スプーンであたりを決め頂点の栗とその下の生クリームごと、その下の三層まで大胆に掬っていく。
「大学ってどんな感じ?」
微妙にタイミングの悪い質問に視線を向けると、質問しておきながら興味もなさそうに目の前のチョコケーキにフォークを当てていた。
しっとりした濃厚そうなケーキ。フォークも反射しそうなチョコのコーティングはフォークに押されて割れた。
「なんでしたっけ?」
社長が顔を上げる。
「大学・・・どんな感じ?」
「授業受けて、課題こなして、終わったらバイトする。そんな感じです。」
「そんなもんか・・・」
ケーキを口に運ぶ。
「そんなもんですよ」
生クリームはミルク感が強く、それが全体をうまく繋いでいた。
流行りのテレビの話に、アイドルオタクと思われない程度にドラマの話をしたりしつつ、モンブランを攻略していく。

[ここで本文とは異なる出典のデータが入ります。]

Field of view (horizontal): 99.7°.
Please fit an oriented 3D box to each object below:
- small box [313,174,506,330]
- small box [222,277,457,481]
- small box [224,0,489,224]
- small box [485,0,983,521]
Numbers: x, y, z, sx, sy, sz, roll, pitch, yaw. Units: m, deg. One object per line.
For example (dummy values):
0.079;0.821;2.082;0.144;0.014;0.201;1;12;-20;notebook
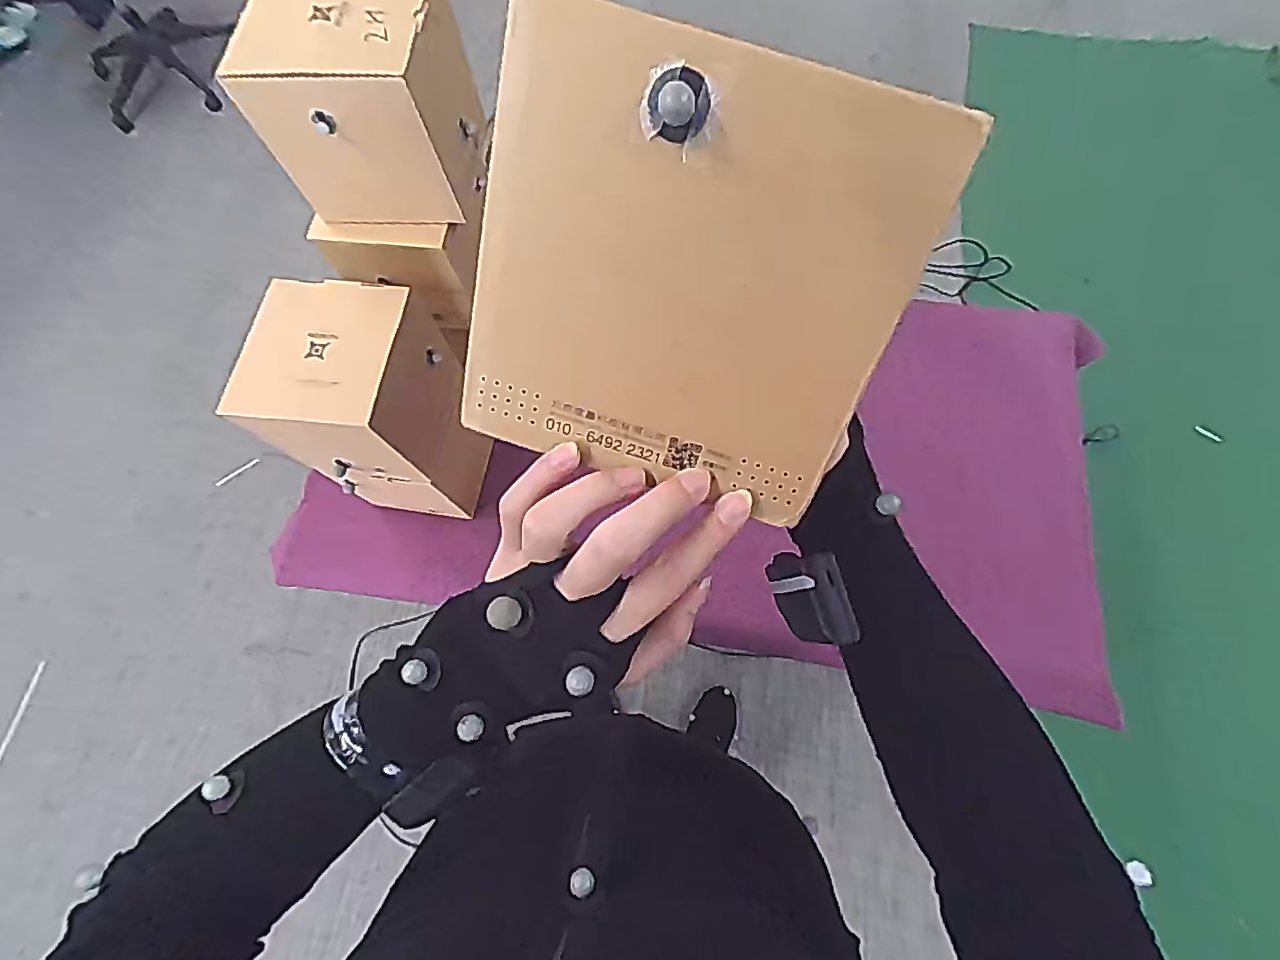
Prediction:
-0.292;-0.325;0.731;0.168;0.176;0.179;5;70;4;small box
-0.340;-0.114;0.656;0.168;0.176;0.179;6;71;4;small box
-0.282;-0.402;0.583;0.179;0.176;0.168;2;71;2;small box
0.030;-0.106;0.293;0.168;0.179;0.176;18;117;2;small box
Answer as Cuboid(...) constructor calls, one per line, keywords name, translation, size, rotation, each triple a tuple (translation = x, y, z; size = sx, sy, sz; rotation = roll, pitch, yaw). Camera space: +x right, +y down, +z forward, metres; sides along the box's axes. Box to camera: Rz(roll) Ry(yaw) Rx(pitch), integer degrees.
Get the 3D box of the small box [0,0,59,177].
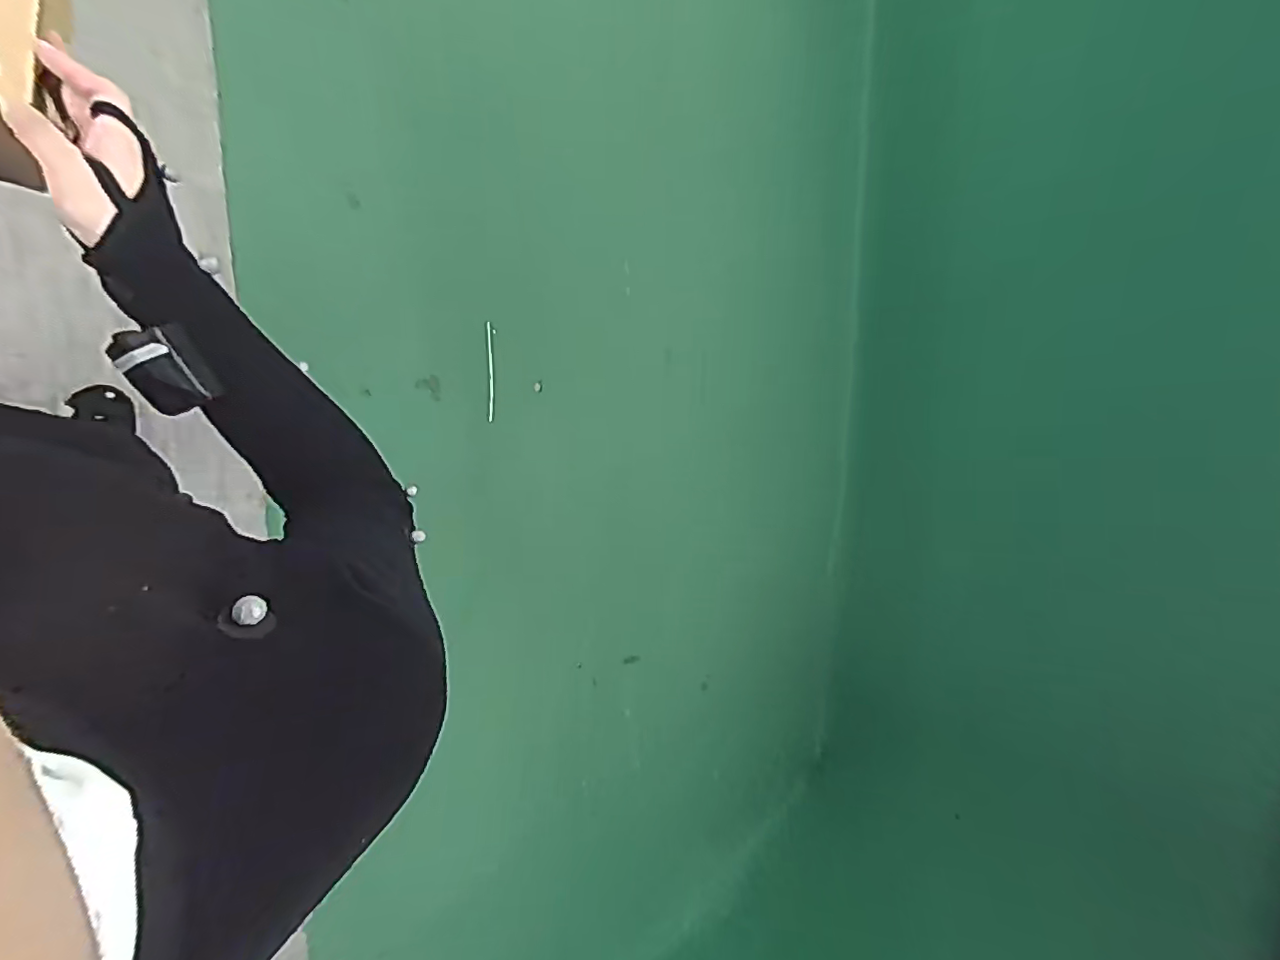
Cuboid(name="small box", translation=(-0.532, -0.353, 0.372), size=(0.168, 0.176, 0.179), rotation=(5, 89, -43))
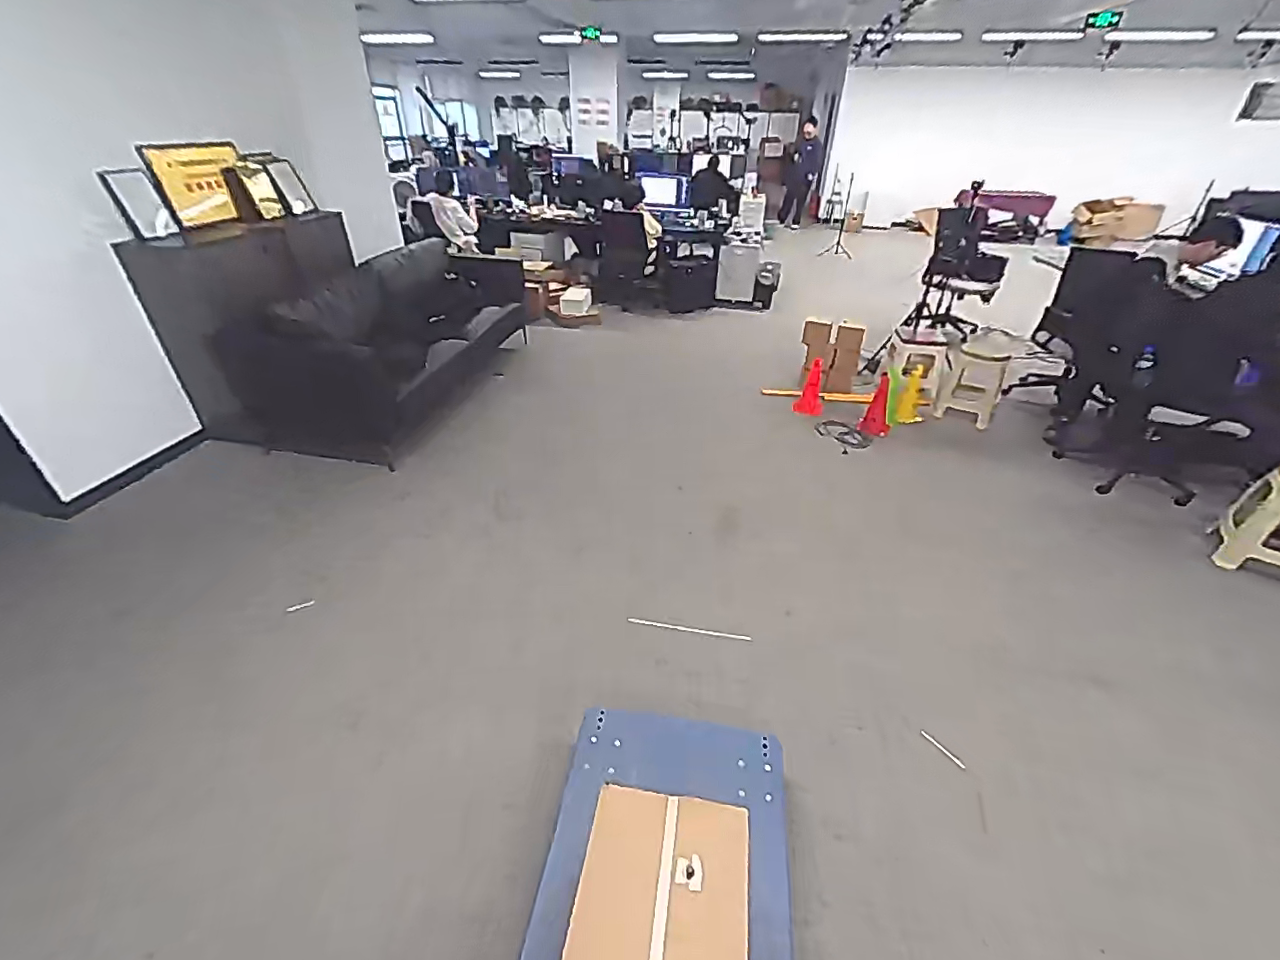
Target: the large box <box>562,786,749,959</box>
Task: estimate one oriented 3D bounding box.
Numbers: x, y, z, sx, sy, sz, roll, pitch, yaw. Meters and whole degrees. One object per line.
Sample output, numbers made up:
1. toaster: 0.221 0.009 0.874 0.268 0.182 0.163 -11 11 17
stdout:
1. large box: 0.038 0.897 1.048 0.320 0.320 0.408 6 32 8
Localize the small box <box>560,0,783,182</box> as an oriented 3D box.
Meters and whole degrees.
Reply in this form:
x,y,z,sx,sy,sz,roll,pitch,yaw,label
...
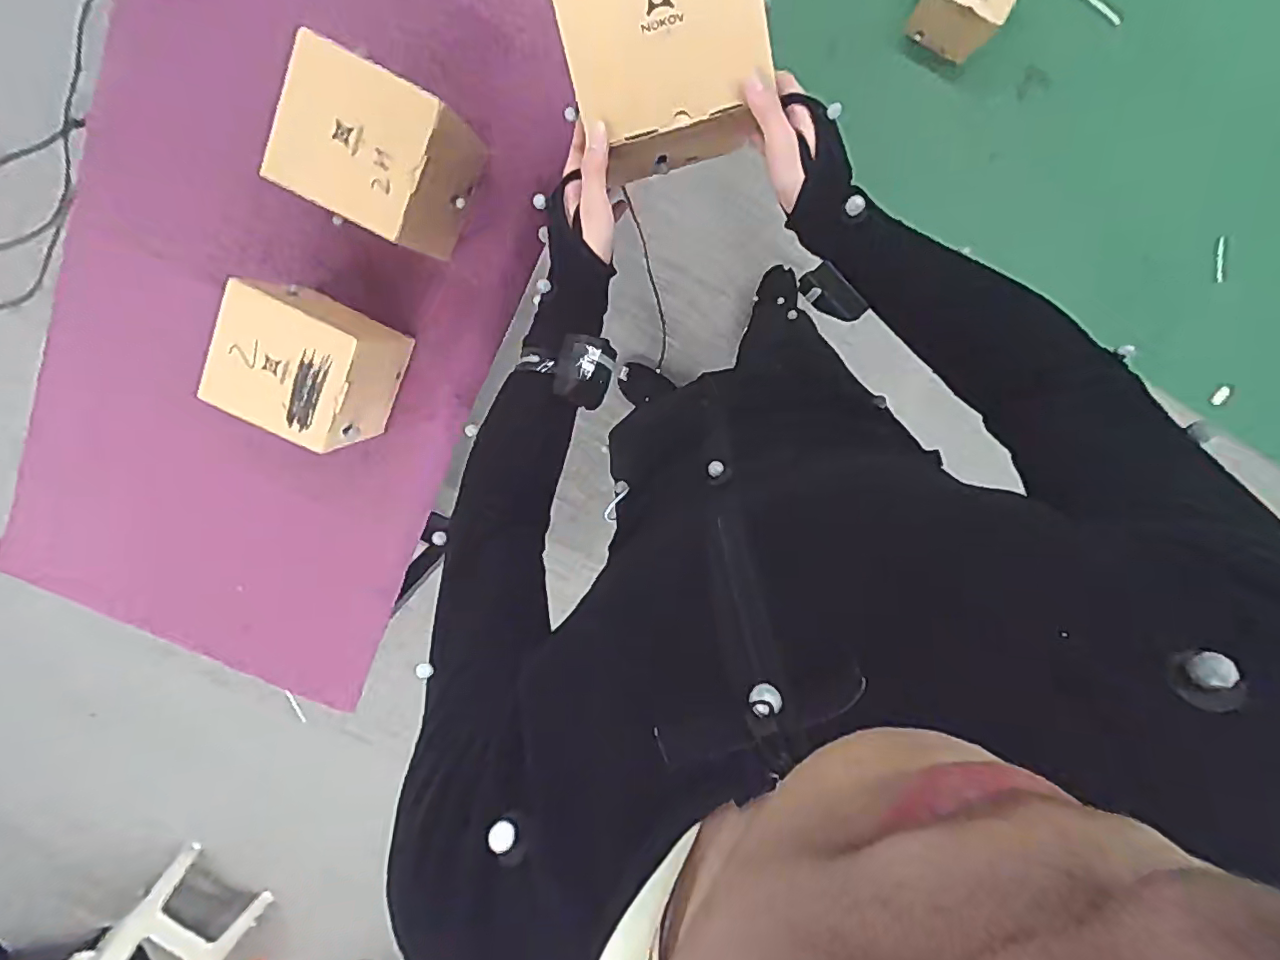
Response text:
x,y,z,sx,sy,sz,roll,pitch,yaw,label
0.020,-0.408,0.506,0.168,0.176,0.179,-14,110,4,small box

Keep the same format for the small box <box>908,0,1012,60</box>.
x,y,z,sx,sy,sz,roll,pitch,yaw,label
0.754,-1.127,1.245,0.168,0.176,0.179,25,103,-5,small box

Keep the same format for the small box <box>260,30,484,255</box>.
x,y,z,sx,sy,sz,roll,pitch,yaw,label
-0.331,-0.411,0.699,0.179,0.176,0.168,26,104,-5,small box
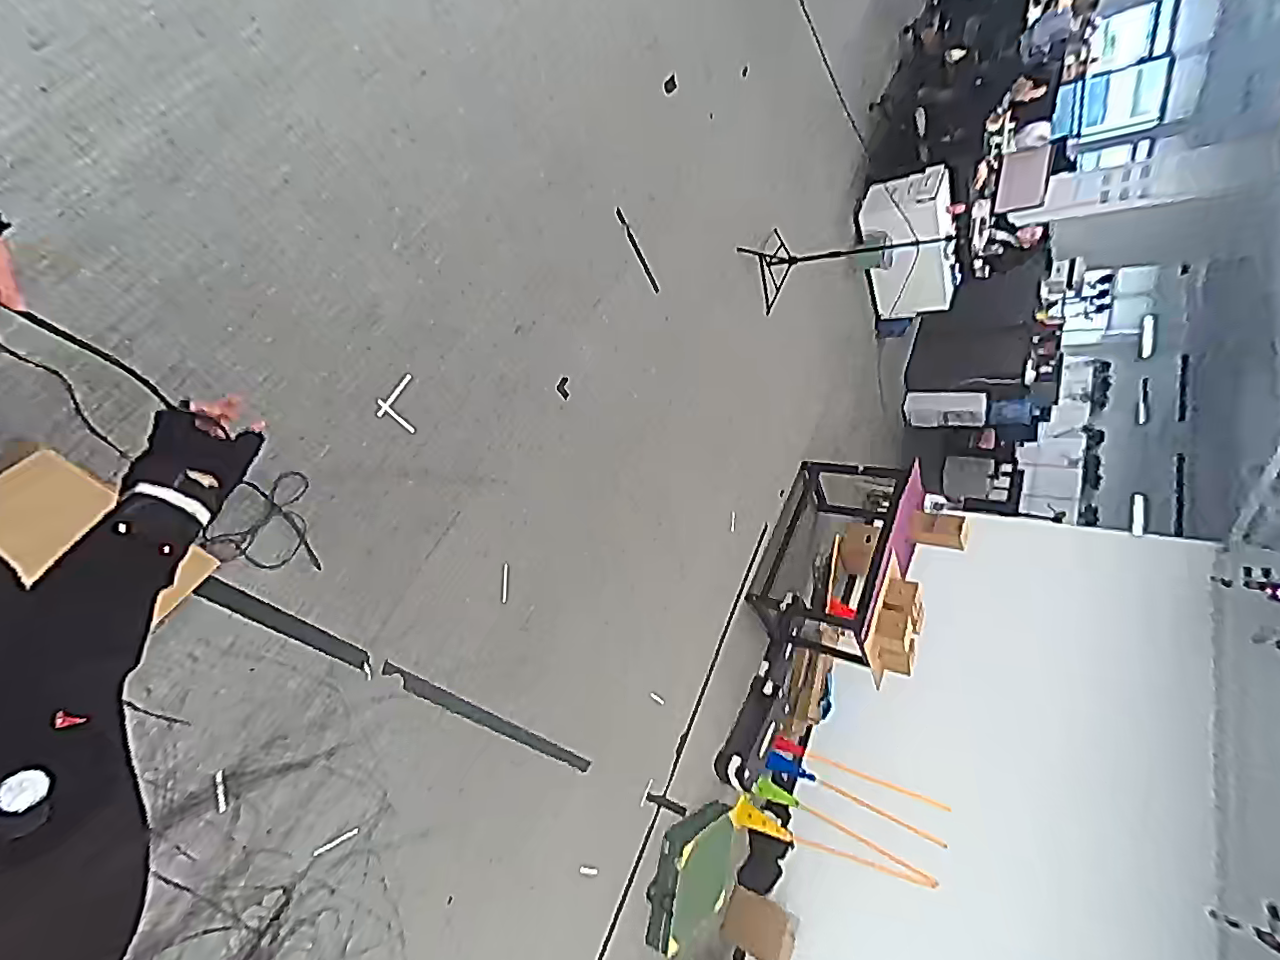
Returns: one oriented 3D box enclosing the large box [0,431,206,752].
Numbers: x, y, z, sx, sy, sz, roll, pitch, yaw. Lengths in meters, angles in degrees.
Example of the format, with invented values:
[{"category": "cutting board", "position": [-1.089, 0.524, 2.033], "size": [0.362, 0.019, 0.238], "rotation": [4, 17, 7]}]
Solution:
[{"category": "large box", "position": [-1.077, 0.168, 0.916], "size": [0.408, 0.320, 0.320], "rotation": [-56, 134, -29]}]
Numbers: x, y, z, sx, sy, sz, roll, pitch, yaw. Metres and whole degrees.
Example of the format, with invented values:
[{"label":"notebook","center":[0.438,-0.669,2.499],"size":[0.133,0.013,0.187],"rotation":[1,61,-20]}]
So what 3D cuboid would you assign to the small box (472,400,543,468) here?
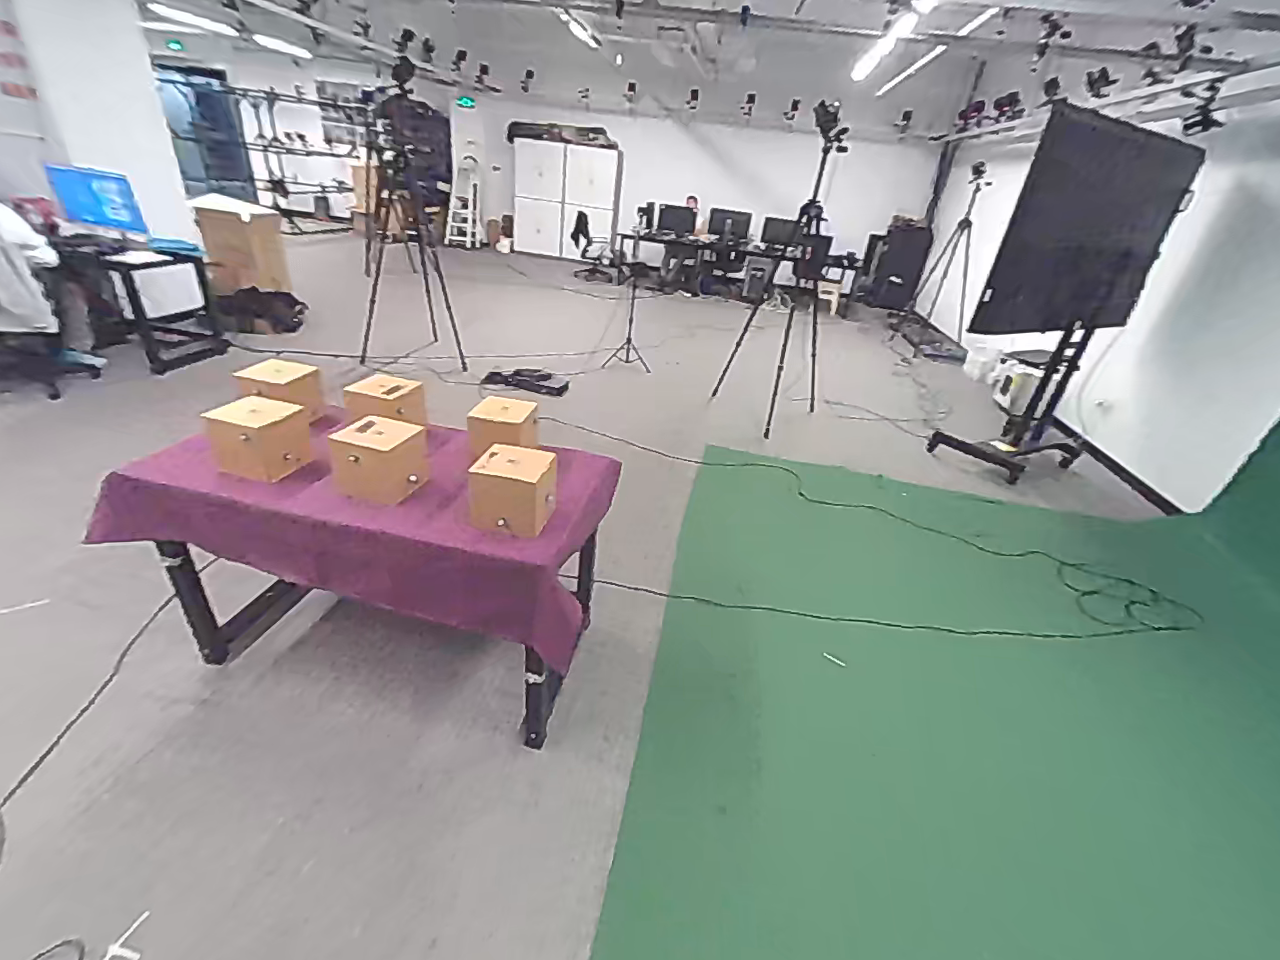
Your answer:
[{"label":"small box","center":[-0.412,-0.133,1.691],"size":[0.168,0.176,0.179],"rotation":[9,30,5]}]

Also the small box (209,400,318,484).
[{"label":"small box","center":[-1.039,-0.105,1.506],"size":[0.179,0.176,0.168],"rotation":[13,29,8]}]

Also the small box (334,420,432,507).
[{"label":"small box","center":[-0.693,-0.045,1.474],"size":[0.179,0.176,0.168],"rotation":[13,30,10]}]

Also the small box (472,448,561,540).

社長のラジオからはどっかの映画の一場面で聞いたようなジャズっぽいのが流れていた。
***
「さっきの相談の仕事について行くっていうのなんですか、大した事できないですよ」
いろいろ確認しておかないと。
「最初の面談は終わっていて、報告程度なので、大したことは必要ないんだが・・・」
顎を撫でながら、視線を上に外して難しい事を考えてそうな顔をしている。
「見てて気になることないか、報告終わったら教えてくれればいい、多分、危ないことはないよ」
いらない一言で急に不安になる。